*** RECORDS FOR THE EXERCISE Section Begins ***
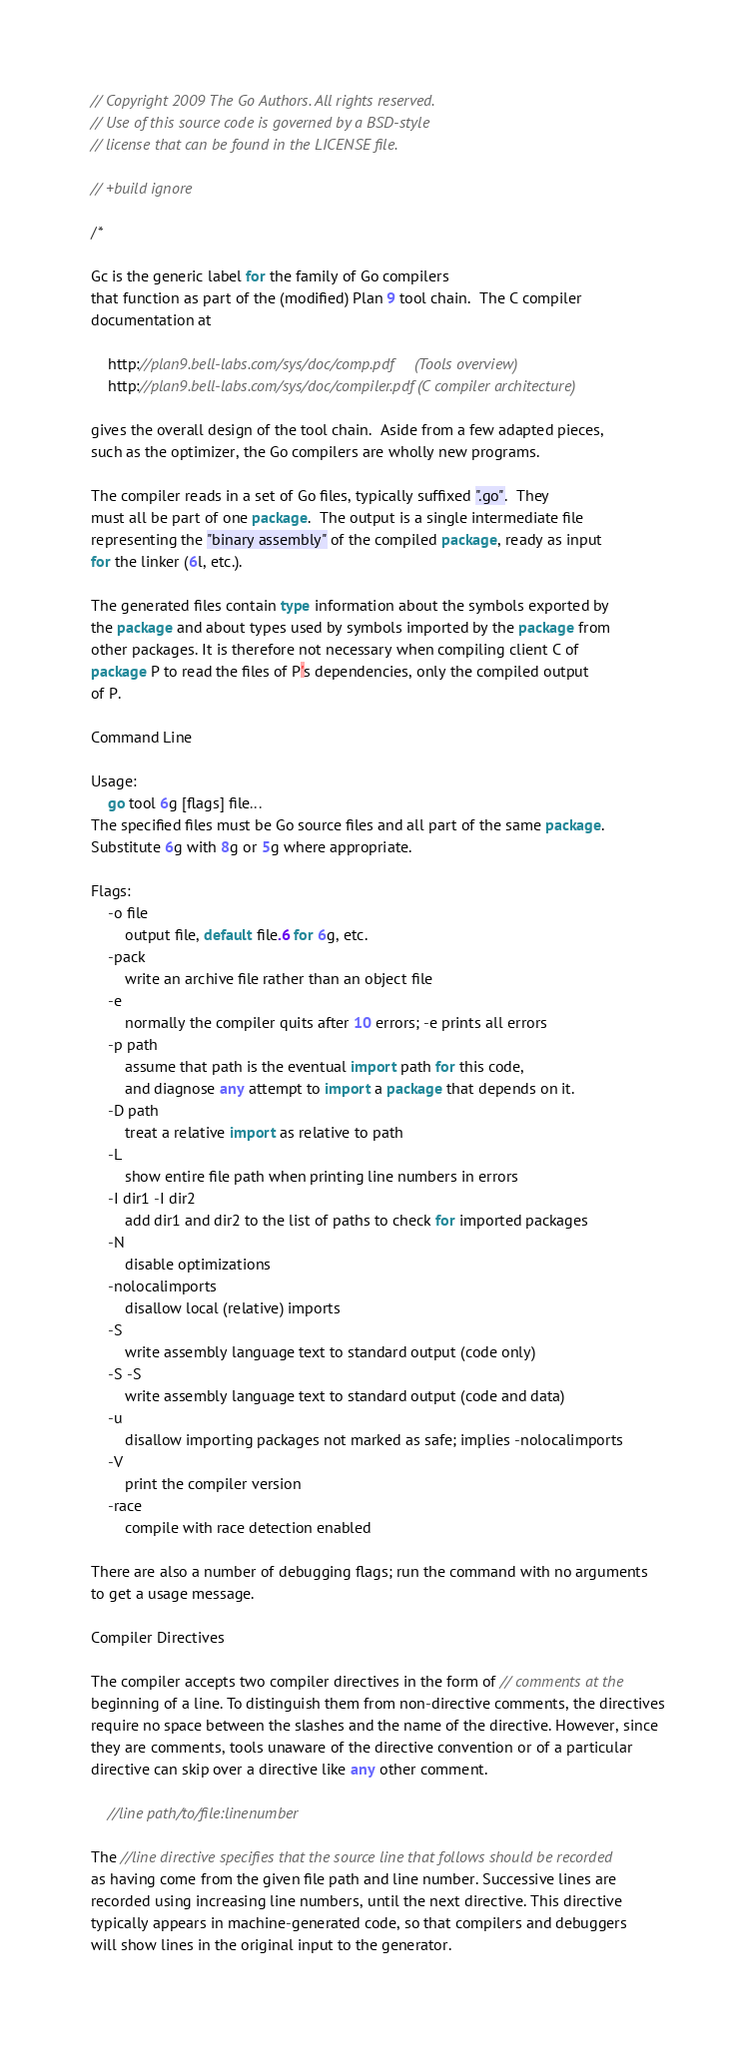Convert code to text. <code><loc_0><loc_0><loc_500><loc_500><_Go_>// Copyright 2009 The Go Authors. All rights reserved.
// Use of this source code is governed by a BSD-style
// license that can be found in the LICENSE file.

// +build ignore

/*

Gc is the generic label for the family of Go compilers
that function as part of the (modified) Plan 9 tool chain.  The C compiler
documentation at

	http://plan9.bell-labs.com/sys/doc/comp.pdf     (Tools overview)
	http://plan9.bell-labs.com/sys/doc/compiler.pdf (C compiler architecture)

gives the overall design of the tool chain.  Aside from a few adapted pieces,
such as the optimizer, the Go compilers are wholly new programs.

The compiler reads in a set of Go files, typically suffixed ".go".  They
must all be part of one package.  The output is a single intermediate file
representing the "binary assembly" of the compiled package, ready as input
for the linker (6l, etc.).

The generated files contain type information about the symbols exported by
the package and about types used by symbols imported by the package from
other packages. It is therefore not necessary when compiling client C of
package P to read the files of P's dependencies, only the compiled output
of P.

Command Line

Usage:
	go tool 6g [flags] file...
The specified files must be Go source files and all part of the same package.
Substitute 6g with 8g or 5g where appropriate.

Flags:
	-o file
		output file, default file.6 for 6g, etc.
	-pack
		write an archive file rather than an object file
	-e
		normally the compiler quits after 10 errors; -e prints all errors
	-p path
		assume that path is the eventual import path for this code,
		and diagnose any attempt to import a package that depends on it.
	-D path
		treat a relative import as relative to path
	-L
		show entire file path when printing line numbers in errors
	-I dir1 -I dir2
		add dir1 and dir2 to the list of paths to check for imported packages
	-N
		disable optimizations
	-nolocalimports
		disallow local (relative) imports
	-S
		write assembly language text to standard output (code only)
	-S -S
		write assembly language text to standard output (code and data)
	-u
		disallow importing packages not marked as safe; implies -nolocalimports
	-V
		print the compiler version
	-race
		compile with race detection enabled

There are also a number of debugging flags; run the command with no arguments
to get a usage message.

Compiler Directives

The compiler accepts two compiler directives in the form of // comments at the
beginning of a line. To distinguish them from non-directive comments, the directives
require no space between the slashes and the name of the directive. However, since
they are comments, tools unaware of the directive convention or of a particular
directive can skip over a directive like any other comment.

    //line path/to/file:linenumber

The //line directive specifies that the source line that follows should be recorded
as having come from the given file path and line number. Successive lines are
recorded using increasing line numbers, until the next directive. This directive
typically appears in machine-generated code, so that compilers and debuggers
will show lines in the original input to the generator.
</code>
*** RECORDS FOR THE EXERCISE Section Ends ***
#### [ACTION ITEM]
Lines in the records above that contain the word "output" need to be counted; the reply is that number and nothing else.

#### [ANSWER TO THIS PROBLEM]
5